Required work: Word for word, retype every line of the data.

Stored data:
-*-

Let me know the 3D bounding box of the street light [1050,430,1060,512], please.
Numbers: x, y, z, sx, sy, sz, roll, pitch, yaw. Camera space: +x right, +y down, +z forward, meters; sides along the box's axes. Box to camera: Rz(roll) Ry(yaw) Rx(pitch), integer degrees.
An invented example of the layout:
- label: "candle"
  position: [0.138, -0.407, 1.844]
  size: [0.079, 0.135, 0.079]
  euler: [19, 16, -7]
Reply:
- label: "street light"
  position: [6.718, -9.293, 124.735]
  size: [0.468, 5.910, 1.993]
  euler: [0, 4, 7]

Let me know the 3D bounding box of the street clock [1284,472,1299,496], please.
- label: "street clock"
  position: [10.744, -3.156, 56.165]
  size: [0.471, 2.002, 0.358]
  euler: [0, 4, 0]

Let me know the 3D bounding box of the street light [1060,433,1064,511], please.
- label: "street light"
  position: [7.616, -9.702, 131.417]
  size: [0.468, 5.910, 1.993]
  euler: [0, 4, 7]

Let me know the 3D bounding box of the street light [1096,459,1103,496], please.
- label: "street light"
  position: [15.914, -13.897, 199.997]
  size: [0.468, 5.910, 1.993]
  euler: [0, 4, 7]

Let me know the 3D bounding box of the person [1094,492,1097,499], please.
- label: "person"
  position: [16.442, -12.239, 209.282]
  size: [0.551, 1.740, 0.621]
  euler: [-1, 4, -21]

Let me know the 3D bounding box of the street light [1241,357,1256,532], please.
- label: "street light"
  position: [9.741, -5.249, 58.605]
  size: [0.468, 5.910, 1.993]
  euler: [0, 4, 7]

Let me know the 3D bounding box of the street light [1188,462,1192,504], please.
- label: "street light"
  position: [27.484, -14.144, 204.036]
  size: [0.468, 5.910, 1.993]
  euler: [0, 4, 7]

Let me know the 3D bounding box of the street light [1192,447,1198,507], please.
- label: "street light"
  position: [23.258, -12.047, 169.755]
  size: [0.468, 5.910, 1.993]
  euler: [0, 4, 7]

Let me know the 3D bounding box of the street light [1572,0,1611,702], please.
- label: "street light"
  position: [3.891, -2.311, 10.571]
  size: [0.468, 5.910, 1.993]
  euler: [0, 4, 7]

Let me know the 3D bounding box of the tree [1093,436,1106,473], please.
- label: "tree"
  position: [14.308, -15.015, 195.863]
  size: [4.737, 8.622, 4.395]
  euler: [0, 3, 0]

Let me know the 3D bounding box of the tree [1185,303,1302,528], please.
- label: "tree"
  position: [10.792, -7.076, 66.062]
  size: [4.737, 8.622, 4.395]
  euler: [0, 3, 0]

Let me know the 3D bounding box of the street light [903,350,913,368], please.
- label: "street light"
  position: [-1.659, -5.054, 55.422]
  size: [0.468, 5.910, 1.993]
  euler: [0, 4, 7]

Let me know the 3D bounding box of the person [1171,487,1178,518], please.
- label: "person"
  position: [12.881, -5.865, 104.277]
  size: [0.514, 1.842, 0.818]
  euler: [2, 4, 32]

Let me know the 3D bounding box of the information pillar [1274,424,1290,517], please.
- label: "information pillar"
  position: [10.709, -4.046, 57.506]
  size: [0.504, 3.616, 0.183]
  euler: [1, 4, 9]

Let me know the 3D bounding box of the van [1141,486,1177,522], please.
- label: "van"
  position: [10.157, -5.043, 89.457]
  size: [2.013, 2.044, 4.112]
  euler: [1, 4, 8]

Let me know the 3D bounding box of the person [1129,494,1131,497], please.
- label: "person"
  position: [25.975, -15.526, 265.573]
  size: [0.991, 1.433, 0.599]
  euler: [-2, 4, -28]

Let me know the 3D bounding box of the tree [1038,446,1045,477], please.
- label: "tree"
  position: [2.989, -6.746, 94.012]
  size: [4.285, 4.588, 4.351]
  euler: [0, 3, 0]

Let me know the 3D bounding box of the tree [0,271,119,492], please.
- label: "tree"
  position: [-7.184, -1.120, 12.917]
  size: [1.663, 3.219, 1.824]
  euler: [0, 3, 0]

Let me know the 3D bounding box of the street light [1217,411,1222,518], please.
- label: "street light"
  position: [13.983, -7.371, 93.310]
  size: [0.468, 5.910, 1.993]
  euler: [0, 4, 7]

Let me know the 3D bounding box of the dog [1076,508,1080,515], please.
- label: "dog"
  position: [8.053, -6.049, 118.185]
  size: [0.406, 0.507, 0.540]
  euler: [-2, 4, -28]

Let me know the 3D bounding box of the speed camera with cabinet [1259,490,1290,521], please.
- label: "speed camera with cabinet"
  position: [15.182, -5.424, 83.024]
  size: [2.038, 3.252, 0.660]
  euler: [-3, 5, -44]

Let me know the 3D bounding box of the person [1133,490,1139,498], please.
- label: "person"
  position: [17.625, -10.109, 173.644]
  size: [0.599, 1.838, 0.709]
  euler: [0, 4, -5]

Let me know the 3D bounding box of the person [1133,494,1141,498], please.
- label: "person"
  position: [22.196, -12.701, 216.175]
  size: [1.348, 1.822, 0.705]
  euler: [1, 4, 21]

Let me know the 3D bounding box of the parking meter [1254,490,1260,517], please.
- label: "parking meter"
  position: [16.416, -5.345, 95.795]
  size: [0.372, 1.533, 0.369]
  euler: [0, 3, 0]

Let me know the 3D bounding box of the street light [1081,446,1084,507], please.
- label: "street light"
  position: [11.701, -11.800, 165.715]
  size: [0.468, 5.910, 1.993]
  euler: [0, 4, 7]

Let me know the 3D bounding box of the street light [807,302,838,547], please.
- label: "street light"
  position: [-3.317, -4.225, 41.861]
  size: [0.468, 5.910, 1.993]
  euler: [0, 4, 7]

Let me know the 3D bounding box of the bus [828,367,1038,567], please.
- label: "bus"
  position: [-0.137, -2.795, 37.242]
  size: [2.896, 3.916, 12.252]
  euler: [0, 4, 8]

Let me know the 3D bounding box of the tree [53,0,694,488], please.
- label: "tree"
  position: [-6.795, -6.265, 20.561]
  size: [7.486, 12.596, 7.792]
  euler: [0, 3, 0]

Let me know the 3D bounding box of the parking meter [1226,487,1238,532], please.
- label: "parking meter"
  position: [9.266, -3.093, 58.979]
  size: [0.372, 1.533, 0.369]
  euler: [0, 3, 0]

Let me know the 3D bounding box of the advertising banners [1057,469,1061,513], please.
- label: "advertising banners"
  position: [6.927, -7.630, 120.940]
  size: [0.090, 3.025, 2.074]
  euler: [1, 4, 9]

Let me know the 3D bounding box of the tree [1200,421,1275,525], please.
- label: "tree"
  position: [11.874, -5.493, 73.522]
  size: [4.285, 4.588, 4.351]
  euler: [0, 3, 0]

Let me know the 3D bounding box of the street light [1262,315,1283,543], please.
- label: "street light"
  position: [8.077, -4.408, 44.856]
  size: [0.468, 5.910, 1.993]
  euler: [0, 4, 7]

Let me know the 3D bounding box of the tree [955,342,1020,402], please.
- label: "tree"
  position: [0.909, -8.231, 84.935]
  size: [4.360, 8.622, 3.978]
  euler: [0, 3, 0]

-*-

Result for this exercise:
Let me know the 3D bounding box of the street light [1050,430,1060,512], please.
Numbers: x, y, z, sx, sy, sz, roll, pitch, yaw. Camera space: +x right, +y down, +z forward, meters; sides along the box's axes. Box to camera: Rz(roll) Ry(yaw) Rx(pitch), integer degrees.
An invented example of the layout:
- label: "candle"
  position: [0.138, -0.407, 1.844]
  size: [0.079, 0.135, 0.079]
  euler: [19, 16, -7]
Reply:
- label: "street light"
  position: [6.718, -9.293, 124.735]
  size: [0.468, 5.910, 1.993]
  euler: [0, 4, 7]

Let me know the 3D bounding box of the street clock [1284,472,1299,496], please.
- label: "street clock"
  position: [10.744, -3.156, 56.165]
  size: [0.471, 2.002, 0.358]
  euler: [0, 4, 0]

Let me know the 3D bounding box of the street light [1060,433,1064,511], please.
- label: "street light"
  position: [7.616, -9.702, 131.417]
  size: [0.468, 5.910, 1.993]
  euler: [0, 4, 7]

Let me know the 3D bounding box of the street light [1096,459,1103,496], please.
- label: "street light"
  position: [15.914, -13.897, 199.997]
  size: [0.468, 5.910, 1.993]
  euler: [0, 4, 7]

Let me know the 3D bounding box of the person [1094,492,1097,499], please.
- label: "person"
  position: [16.442, -12.239, 209.282]
  size: [0.551, 1.740, 0.621]
  euler: [-1, 4, -21]

Let me know the 3D bounding box of the street light [1241,357,1256,532], please.
- label: "street light"
  position: [9.741, -5.249, 58.605]
  size: [0.468, 5.910, 1.993]
  euler: [0, 4, 7]

Let me know the 3D bounding box of the street light [1188,462,1192,504], please.
- label: "street light"
  position: [27.484, -14.144, 204.036]
  size: [0.468, 5.910, 1.993]
  euler: [0, 4, 7]

Let me know the 3D bounding box of the street light [1192,447,1198,507], please.
- label: "street light"
  position: [23.258, -12.047, 169.755]
  size: [0.468, 5.910, 1.993]
  euler: [0, 4, 7]

Let me know the 3D bounding box of the street light [1572,0,1611,702], please.
- label: "street light"
  position: [3.891, -2.311, 10.571]
  size: [0.468, 5.910, 1.993]
  euler: [0, 4, 7]

Let me know the 3D bounding box of the tree [1093,436,1106,473], please.
- label: "tree"
  position: [14.308, -15.015, 195.863]
  size: [4.737, 8.622, 4.395]
  euler: [0, 3, 0]

Let me know the 3D bounding box of the tree [1185,303,1302,528], please.
- label: "tree"
  position: [10.792, -7.076, 66.062]
  size: [4.737, 8.622, 4.395]
  euler: [0, 3, 0]

Let me know the 3D bounding box of the street light [903,350,913,368], please.
- label: "street light"
  position: [-1.659, -5.054, 55.422]
  size: [0.468, 5.910, 1.993]
  euler: [0, 4, 7]

Let me know the 3D bounding box of the person [1171,487,1178,518], please.
- label: "person"
  position: [12.881, -5.865, 104.277]
  size: [0.514, 1.842, 0.818]
  euler: [2, 4, 32]

Let me know the 3D bounding box of the information pillar [1274,424,1290,517], please.
- label: "information pillar"
  position: [10.709, -4.046, 57.506]
  size: [0.504, 3.616, 0.183]
  euler: [1, 4, 9]

Let me know the 3D bounding box of the van [1141,486,1177,522], please.
- label: "van"
  position: [10.157, -5.043, 89.457]
  size: [2.013, 2.044, 4.112]
  euler: [1, 4, 8]

Let me know the 3D bounding box of the person [1129,494,1131,497], please.
- label: "person"
  position: [25.975, -15.526, 265.573]
  size: [0.991, 1.433, 0.599]
  euler: [-2, 4, -28]

Let me know the 3D bounding box of the tree [1038,446,1045,477], please.
- label: "tree"
  position: [2.989, -6.746, 94.012]
  size: [4.285, 4.588, 4.351]
  euler: [0, 3, 0]

Let me know the 3D bounding box of the tree [0,271,119,492], please.
- label: "tree"
  position: [-7.184, -1.120, 12.917]
  size: [1.663, 3.219, 1.824]
  euler: [0, 3, 0]

Let me know the 3D bounding box of the street light [1217,411,1222,518], please.
- label: "street light"
  position: [13.983, -7.371, 93.310]
  size: [0.468, 5.910, 1.993]
  euler: [0, 4, 7]

Let me know the 3D bounding box of the dog [1076,508,1080,515], please.
- label: "dog"
  position: [8.053, -6.049, 118.185]
  size: [0.406, 0.507, 0.540]
  euler: [-2, 4, -28]

Let me know the 3D bounding box of the speed camera with cabinet [1259,490,1290,521], please.
- label: "speed camera with cabinet"
  position: [15.182, -5.424, 83.024]
  size: [2.038, 3.252, 0.660]
  euler: [-3, 5, -44]

Let me know the 3D bounding box of the person [1133,490,1139,498], please.
- label: "person"
  position: [17.625, -10.109, 173.644]
  size: [0.599, 1.838, 0.709]
  euler: [0, 4, -5]

Let me know the 3D bounding box of the person [1133,494,1141,498], please.
- label: "person"
  position: [22.196, -12.701, 216.175]
  size: [1.348, 1.822, 0.705]
  euler: [1, 4, 21]

Let me know the 3D bounding box of the parking meter [1254,490,1260,517], please.
- label: "parking meter"
  position: [16.416, -5.345, 95.795]
  size: [0.372, 1.533, 0.369]
  euler: [0, 3, 0]

Let me know the 3D bounding box of the street light [1081,446,1084,507], please.
- label: "street light"
  position: [11.701, -11.800, 165.715]
  size: [0.468, 5.910, 1.993]
  euler: [0, 4, 7]

Let me know the 3D bounding box of the street light [807,302,838,547], please.
- label: "street light"
  position: [-3.317, -4.225, 41.861]
  size: [0.468, 5.910, 1.993]
  euler: [0, 4, 7]

Let me know the 3D bounding box of the bus [828,367,1038,567], please.
- label: "bus"
  position: [-0.137, -2.795, 37.242]
  size: [2.896, 3.916, 12.252]
  euler: [0, 4, 8]

Let me know the 3D bounding box of the tree [53,0,694,488], please.
- label: "tree"
  position: [-6.795, -6.265, 20.561]
  size: [7.486, 12.596, 7.792]
  euler: [0, 3, 0]

Let me know the 3D bounding box of the parking meter [1226,487,1238,532], please.
- label: "parking meter"
  position: [9.266, -3.093, 58.979]
  size: [0.372, 1.533, 0.369]
  euler: [0, 3, 0]

Let me know the 3D bounding box of the advertising banners [1057,469,1061,513], please.
- label: "advertising banners"
  position: [6.927, -7.630, 120.940]
  size: [0.090, 3.025, 2.074]
  euler: [1, 4, 9]

Let me know the 3D bounding box of the tree [1200,421,1275,525], please.
- label: "tree"
  position: [11.874, -5.493, 73.522]
  size: [4.285, 4.588, 4.351]
  euler: [0, 3, 0]

Let me know the 3D bounding box of the street light [1262,315,1283,543], please.
- label: "street light"
  position: [8.077, -4.408, 44.856]
  size: [0.468, 5.910, 1.993]
  euler: [0, 4, 7]

Let me know the 3D bounding box of the tree [955,342,1020,402], please.
- label: "tree"
  position: [0.909, -8.231, 84.935]
  size: [4.360, 8.622, 3.978]
  euler: [0, 3, 0]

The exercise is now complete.